Trash Talk: SqueezeThePulp Led Online

Though I’ve quoted many relevant comments from OrangePolitics, a watering-hole for local pols, the “other” local forum, SqueezeThePulp has been popping with online commentary for months.

Here’s one of the more active threads Proposed Orange County Landfill Transfer Station Survey which led off with this David Richter open letter to the Orange County Board of Commissioners (BOCC) and elective councils of Carrboro and Chapel Hill:

An open e-mail and appeal to each of elected leaders of Orange County, Chapel Hill and Carrboro:

Proposed: Eubanks Road and the surrounding areas should be removed as a proposed site for the Orange County Landfill Transfer Station from further consideration for now and for the foreseeable future.

Dear Elected Leaders:

I am asking each of you to take an immediate public and personal position on the above proposal. There was a column in the Chapel Hill Herald on Tuesday, 2/13/07 and the Chapel Hill News, 2/14/07 that talked to all the reasons why Eubanks Road should not be the site of the new Landfill Transfer Station. However, the simple fact is that the Rogers Road community was made a promise in 1972 on placement of the Orange County landfill on Eubanks Road. When the landfill was filled to capacity, the Rogers Road community would no longer be subject to Orange County waste facilities and activities. We should not quibble on technicalities or wording. That was the spirit of the promise.
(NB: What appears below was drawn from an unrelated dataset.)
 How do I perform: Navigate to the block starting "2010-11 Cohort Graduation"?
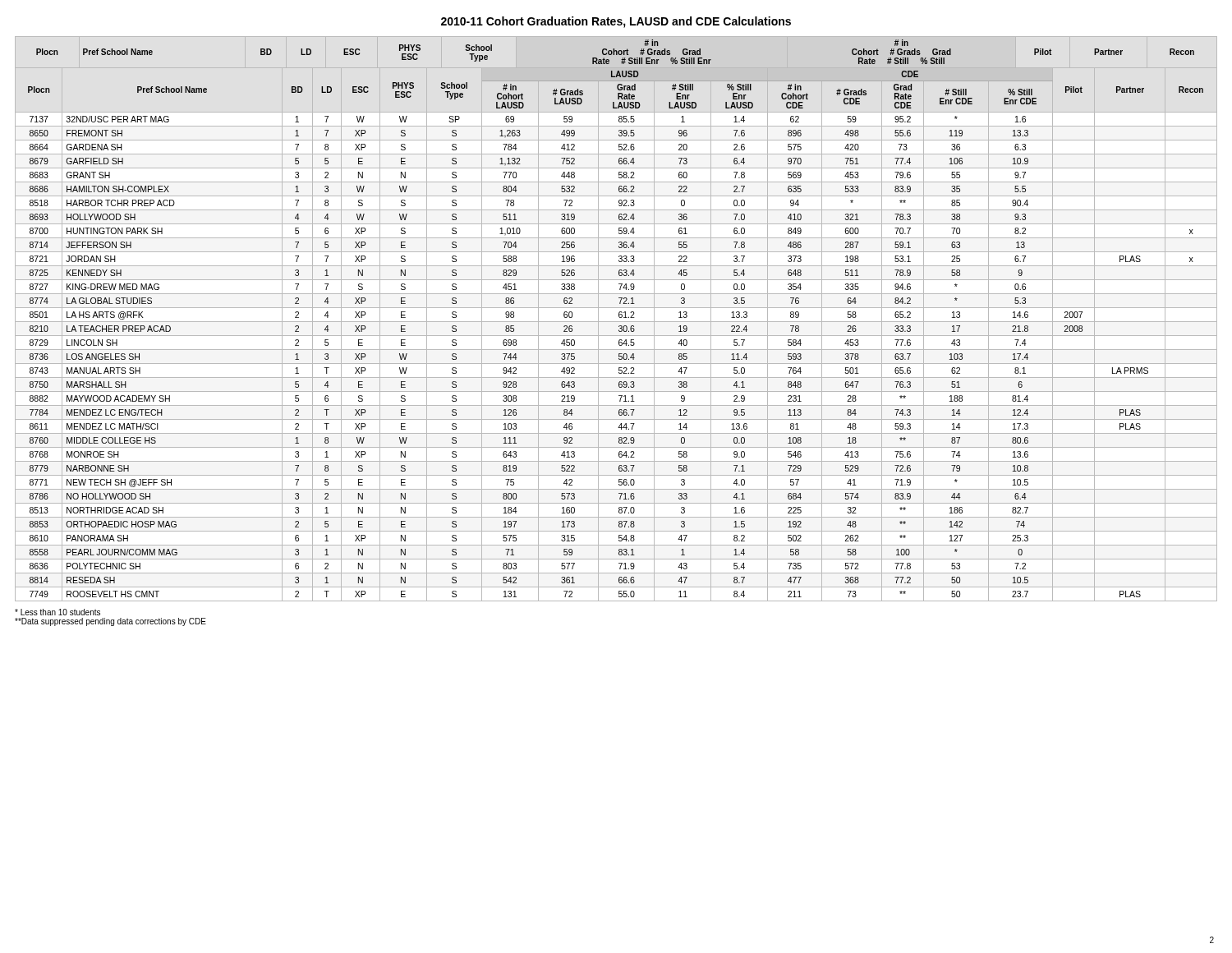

We can talk about how that promise was already broken, but that would not be useful or productive. If the transfer station is located on or near Eubanks Road, it will clearly be a break of the promise and an act of intentional or unintentional “Environmental Racism”. This promise and the decades of contribution by the Rogers Road Community override all the other considerations of cost and expediency. As our current elected leaders, you are responsible to fulfill that original 1972 promise assuring the integrity of our local governments, adhering to the values of our community and just plain doing the right thing.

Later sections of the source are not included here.